What is needed: Work out how many lines in the data hold the string "Units". Reply with only that number.

==== Data ====

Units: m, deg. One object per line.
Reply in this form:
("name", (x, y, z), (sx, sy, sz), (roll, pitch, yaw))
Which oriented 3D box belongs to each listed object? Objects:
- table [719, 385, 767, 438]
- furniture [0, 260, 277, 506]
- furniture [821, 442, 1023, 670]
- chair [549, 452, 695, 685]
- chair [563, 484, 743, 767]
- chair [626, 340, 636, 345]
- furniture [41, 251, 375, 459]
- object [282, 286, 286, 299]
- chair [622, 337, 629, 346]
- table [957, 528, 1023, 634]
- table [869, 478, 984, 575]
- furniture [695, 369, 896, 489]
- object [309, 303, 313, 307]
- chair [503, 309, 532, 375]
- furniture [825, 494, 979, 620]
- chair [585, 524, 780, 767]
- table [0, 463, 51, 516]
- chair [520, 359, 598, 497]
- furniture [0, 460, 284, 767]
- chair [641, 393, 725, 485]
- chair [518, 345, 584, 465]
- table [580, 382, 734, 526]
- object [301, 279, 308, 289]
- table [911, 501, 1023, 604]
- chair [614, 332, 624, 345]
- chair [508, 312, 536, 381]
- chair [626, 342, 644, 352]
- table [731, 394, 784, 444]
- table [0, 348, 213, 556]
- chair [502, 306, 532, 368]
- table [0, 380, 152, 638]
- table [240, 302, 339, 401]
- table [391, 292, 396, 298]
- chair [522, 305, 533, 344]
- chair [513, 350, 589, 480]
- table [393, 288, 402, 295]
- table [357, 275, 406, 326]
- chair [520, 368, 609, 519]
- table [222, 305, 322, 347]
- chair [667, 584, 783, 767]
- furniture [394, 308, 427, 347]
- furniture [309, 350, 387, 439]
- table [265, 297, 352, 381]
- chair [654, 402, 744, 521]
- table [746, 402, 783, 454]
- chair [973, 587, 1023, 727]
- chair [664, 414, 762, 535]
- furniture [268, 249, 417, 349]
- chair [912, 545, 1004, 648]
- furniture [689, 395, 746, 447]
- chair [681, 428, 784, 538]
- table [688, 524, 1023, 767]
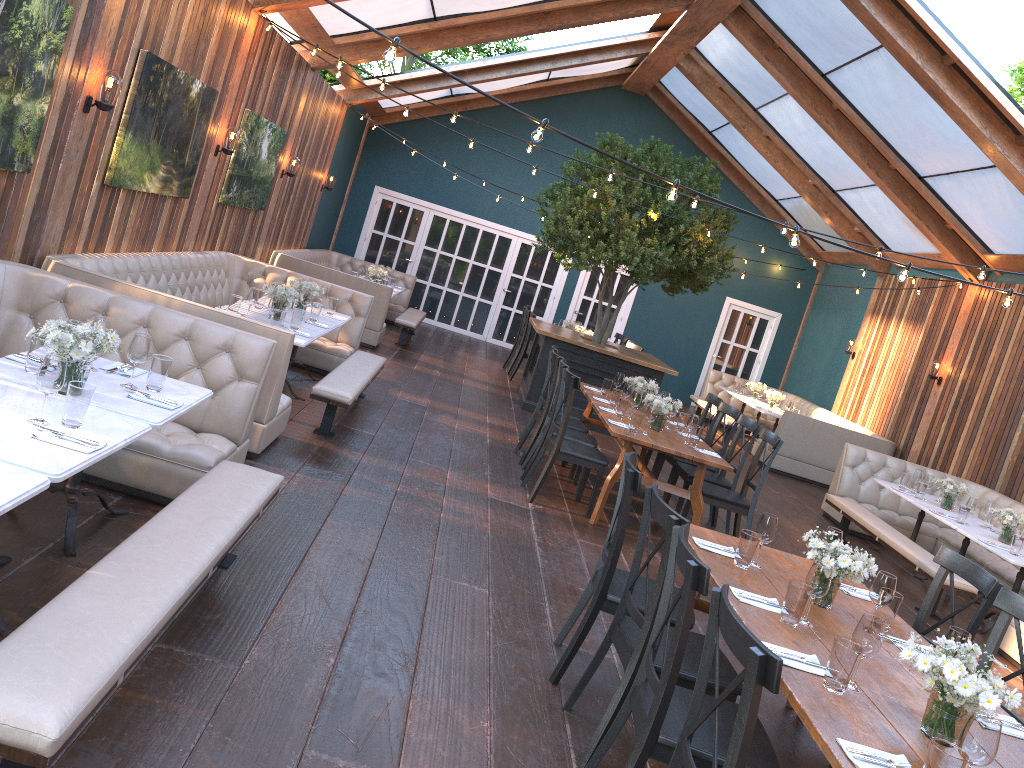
("table", (3.839, 0.515, 14.839), (0.797, 0.669, 0.805), (17, 7, -4))
("furniture", (-2.237, 0.226, 3.099), (1.707, 0.854, 4.190), (17, 8, -4))
("furniture", (4.493, 1.625, 8.006), (1.707, 0.854, 4.190), (17, 8, -4))
("chair", (0.591, 0.891, 4.063), (0.540, 1.015, 0.479), (18, 5, 4))
("chair", (0.636, 0.987, 3.499), (0.538, 1.015, 0.481), (17, 5, -7))
("chair", (1.514, -0.221, 13.627), (0.539, 1.015, 0.480), (17, 5, -4))
("furniture", (-2.373, -0.479, 7.613), (1.707, 0.854, 4.190), (17, 8, -4))
("object", (-2.135, -0.831, 8.223), (0.091, 0.157, 0.093), (16, 6, -17))
("chair", (1.498, -0.309, 14.185), (0.540, 1.015, 0.480), (18, 5, 1))
("table", (4.071, 1.712, 7.177), (0.797, 0.669, 0.805), (17, 7, -4))
("table", (4.021, 1.458, 8.802), (0.797, 0.669, 0.805), (17, 7, -5))
("furniture", (4.311, 0.685, 14.020), (1.707, 0.854, 4.190), (17, 8, -4))
("object", (-1.968, -0.773, 8.685), (0.157, 0.019, 0.257), (17, 8, -4))
("chair", (0.290, -0.596, 13.556), (0.538, 1.015, 0.481), (17, 5, -9))
("furniture", (3.365, 1.518, 7.963), (0.312, 0.397, 2.347), (17, 8, -4))
("chair", (0.627, 1.065, 2.953), (0.540, 1.015, 0.479), (18, 5, 2))
("table", (-1.870, 0.554, 2.326), (0.797, 0.669, 0.805), (17, 7, -4))
("chair", (0.480, 0.356, 7.470), (0.539, 1.015, 0.480), (17, 5, -1))
("furniture", (-1.278, 0.757, 3.187), (0.312, 0.397, 2.347), (17, 8, -4))
("chair", (1.665, 0.555, 8.656), (0.539, 1.015, 0.480), (17, 5, -4))
("chair", (0.458, 0.185, 8.586), (0.540, 1.015, 0.480), (18, 5, 1))
("table", (1.048, 0.643, 7.772), (0.949, 0.725, 2.450), (17, 8, -4))
("object", (-2.024, -0.886, 8.525), (0.091, 0.243, 0.093), (13, 7, -46))
("table", (4.046, 1.585, 7.990), (0.797, 0.669, 0.804), (17, 6, -4))
("chair", (1.481, -0.396, 14.742), (0.538, 1.015, 0.481), (17, 5, -9))
("chair", (0.353, -0.495, 13.001), (0.539, 1.015, 0.480), (17, 5, -4))
("chair", (1.513, -0.137, 13.051), (0.536, 1.015, 0.483), (16, 5, -21))
("table", (3.863, 0.642, 14.026), (0.797, 0.669, 0.804), (17, 6, -4))
("table", (-1.919, 0.300, 3.951), (0.797, 0.669, 0.805), (17, 7, -5))
("chair", (0.259, -0.688, 14.112), (0.540, 1.015, 0.480), (18, 5, 1))
("table", (-1.894, 0.427, 3.139), (0.797, 0.669, 0.804), (17, 6, -4))
("table", (-2.030, -0.276, 7.639), (0.797, 0.669, 0.804), (17, 6, -4))
("table", (-2.189, -1.092, 12.862), (0.797, 0.669, 0.805), (17, 7, -5))
("chair", (0.318, -0.752, 14.675), (0.540, 1.015, 0.480), (18, 5, 2))
("chair", (0.440, 0.262, 8.027), (0.538, 1.015, 0.481), (17, 5, -9))
("table", (-2.213, -1.219, 13.675), (0.797, 0.669, 0.804), (17, 6, -4))
("table", (-2.238, -1.346, 14.487), (0.797, 0.669, 0.805), (17, 7, -4))
("chair", (0.497, 0.443, 6.912), (0.538, 1.015, 0.481), (17, 5, -9))
("table", (-2.006, -0.149, 6.826), (0.797, 0.669, 0.805), (17, 7, -4))
("chair", (0.650, 1.154, 2.396), (0.539, 1.015, 0.480), (17, 5, -4))
("furniture", (-1.597, -0.890, 13.734), (0.312, 0.397, 2.347), (17, 8, -4))
("furniture", (-1.414, 0.054, 7.687), (0.312, 0.397, 2.347), (17, 8, -4))
("table", (-2.055, -0.403, 8.451), (0.797, 0.669, 0.805), (17, 7, -5))
("chair", (1.682, 0.642, 8.098), (0.538, 1.015, 0.481), (17, 5, -9))
("table", (3.888, 0.769, 13.214), (0.797, 0.669, 0.805), (17, 7, -5))
("chair", (1.819, 1.348, 3.581), (0.538, 1.015, 0.481), (17, 5, -9))
("chair", (1.699, 0.729, 7.540), (0.539, 1.015, 0.480), (17, 5, -4))
("furniture", (-2.556, -1.420, 13.637), (1.707, 0.854, 4.190), (17, 8, -4))
("chair", (1.802, 1.260, 4.139), (0.539, 1.015, 0.480), (17, 5, -4))
("furniture", (3.182, 0.573, 14.010), (0.312, 0.397, 2.347), (17, 8, -4))
("chair", (1.716, 0.816, 6.983), (0.540, 1.015, 0.480), (18, 5, 1))
("table", (1.184, 1.345, 3.280), (0.949, 0.725, 2.450), (17, 8, -4))
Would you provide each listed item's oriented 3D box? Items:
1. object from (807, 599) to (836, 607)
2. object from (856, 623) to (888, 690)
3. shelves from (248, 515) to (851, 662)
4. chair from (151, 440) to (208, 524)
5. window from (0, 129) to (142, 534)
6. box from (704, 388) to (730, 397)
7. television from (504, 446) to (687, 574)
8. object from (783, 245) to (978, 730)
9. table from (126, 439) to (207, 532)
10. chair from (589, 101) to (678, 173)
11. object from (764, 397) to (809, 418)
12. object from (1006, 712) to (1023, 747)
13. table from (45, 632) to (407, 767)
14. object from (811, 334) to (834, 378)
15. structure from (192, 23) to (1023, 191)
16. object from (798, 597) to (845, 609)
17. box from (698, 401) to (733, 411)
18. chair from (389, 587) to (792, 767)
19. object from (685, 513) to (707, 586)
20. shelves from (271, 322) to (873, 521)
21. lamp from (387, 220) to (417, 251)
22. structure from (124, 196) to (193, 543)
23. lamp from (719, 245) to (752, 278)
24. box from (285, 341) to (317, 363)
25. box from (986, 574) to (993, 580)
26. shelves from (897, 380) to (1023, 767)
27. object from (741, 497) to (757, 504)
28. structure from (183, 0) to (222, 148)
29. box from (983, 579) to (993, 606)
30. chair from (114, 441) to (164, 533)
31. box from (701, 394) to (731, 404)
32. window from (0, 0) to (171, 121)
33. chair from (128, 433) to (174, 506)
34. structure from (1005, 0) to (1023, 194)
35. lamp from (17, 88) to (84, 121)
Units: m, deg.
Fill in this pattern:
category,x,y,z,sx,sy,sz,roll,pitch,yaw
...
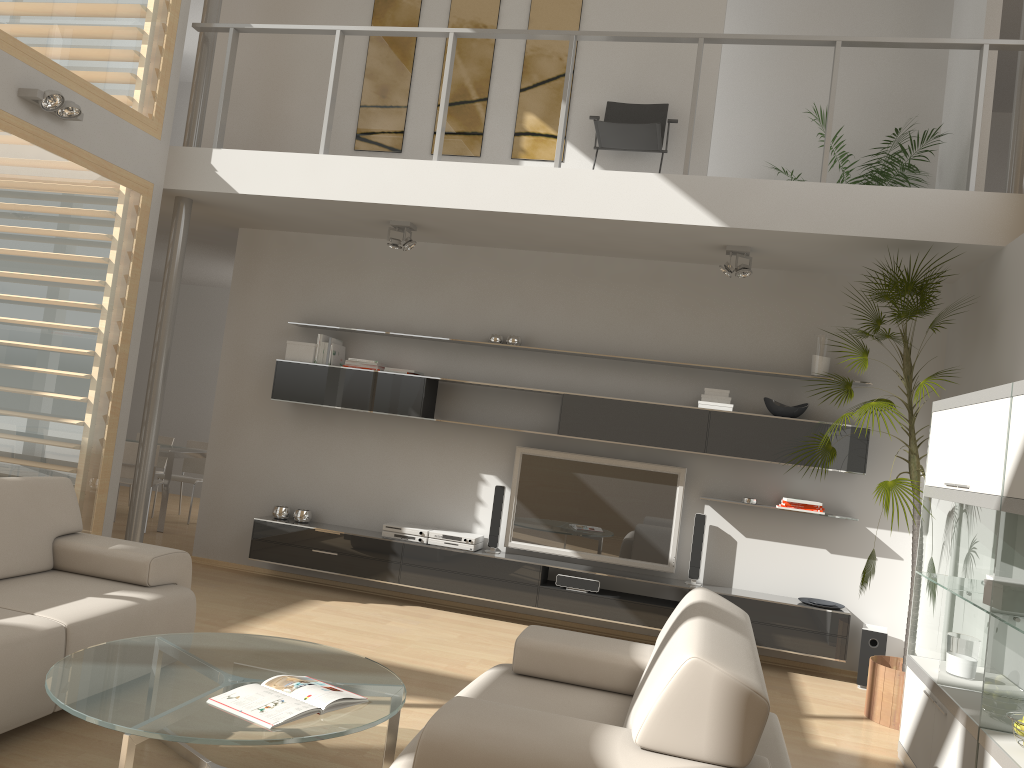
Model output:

====

Result: 2